• **WHAT IS REQUIRED**
Take from the material every line containing the string "stroke" and copy it.

• **WORKING DATA**
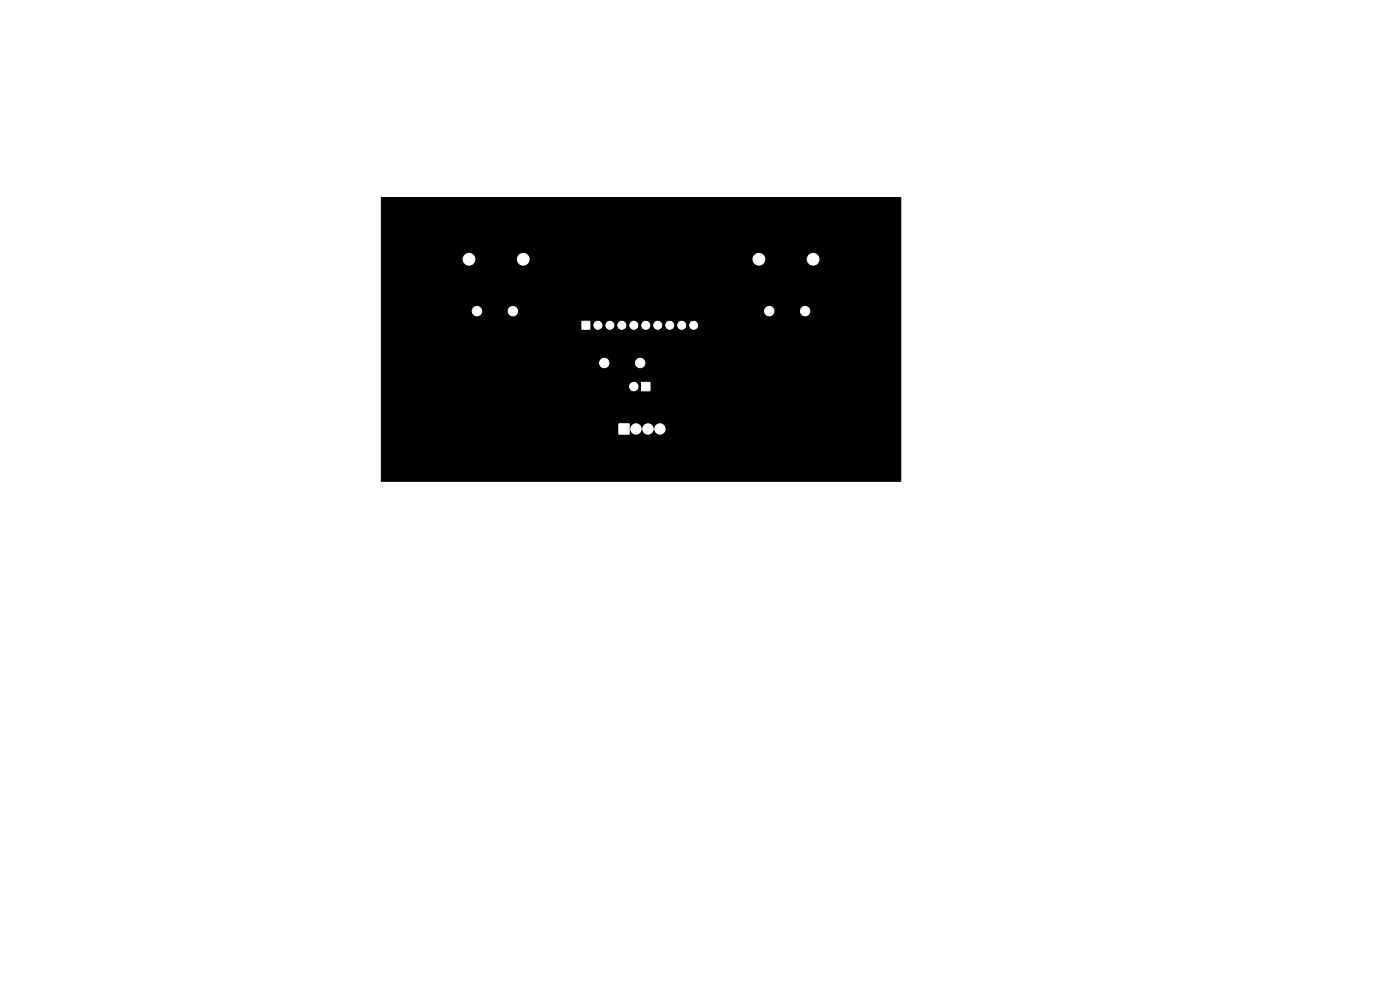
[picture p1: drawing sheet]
<svg xmlns="http://www.w3.org/2000/svg" width="297mm" height="210mm" viewBox="0 0 297 210" stroke-linecap="round" stroke-linejoin="round" font-family="sans-serif">
<path d="M80.9 41.9h110.2v60.2h-110.2z" fill="#000" stroke="#000" stroke-width=".21"/>
<g fill="#fff" stroke="#fff" stroke-width=".21">
<path d="M136.1 81.1h1.8v1.8h-1.8z"/>
<path d="M123.5 68.1h1.7v1.8h-1.7z"/>
<path d="M131.3 89.9h2.2v2.2h-2.2z"/>
<circle cx="134.5" cy="82" r=".9"/>
<circle cx="111" cy="55" r="1.25"/>
<circle cx="99.5" cy="55" r="1.25"/>
<circle cx="172.5" cy="55" r="1.25"/>
<circle cx="161" cy="55" r="1.25"/>
<circle cx="135.8" cy="77" r="1"/>
<circle cx="128.2" cy="77" r="1"/>
<circle cx="126.8" cy="69" r=".85"/>
<circle cx="129.4" cy="69" r=".85"/>
<circle cx="131.9" cy="69" r=".85"/>
<circle cx="134.5" cy="69" r=".85"/>
<circle cx="137" cy="69" r=".85"/>
<circle cx="139.5" cy="69" r=".85"/>
<circle cx="142.1" cy="69" r=".85"/>
<circle cx="144.6" cy="69" r=".85"/>
<circle cx="147.2" cy="69" r=".85"/>
<circle cx="163.2" cy="66" r="1"/>
<circle cx="170.8" cy="66" r="1"/>
<circle cx="101.2" cy="66" r="1"/>
<circle cx="108.8" cy="66" r="1"/>
<circle cx="134.9" cy="91" r="1.1"/>
<circle cx="137.5" cy="91" r="1.1"/>
<circle cx="140" cy="91" r="1.1"/>
</g>
</svg>

• **COMPLETED TASK**
<svg xmlns="http://www.w3.org/2000/svg" width="297mm" height="210mm" viewBox="0 0 297 210" stroke-linecap="round" stroke-linejoin="round" font-family="sans-serif">
<path d="M80.9 41.9h110.2v60.2h-110.2z" fill="#000" stroke="#000" stroke-width=".21"/>
<g fill="#fff" stroke="#fff" stroke-width=".21">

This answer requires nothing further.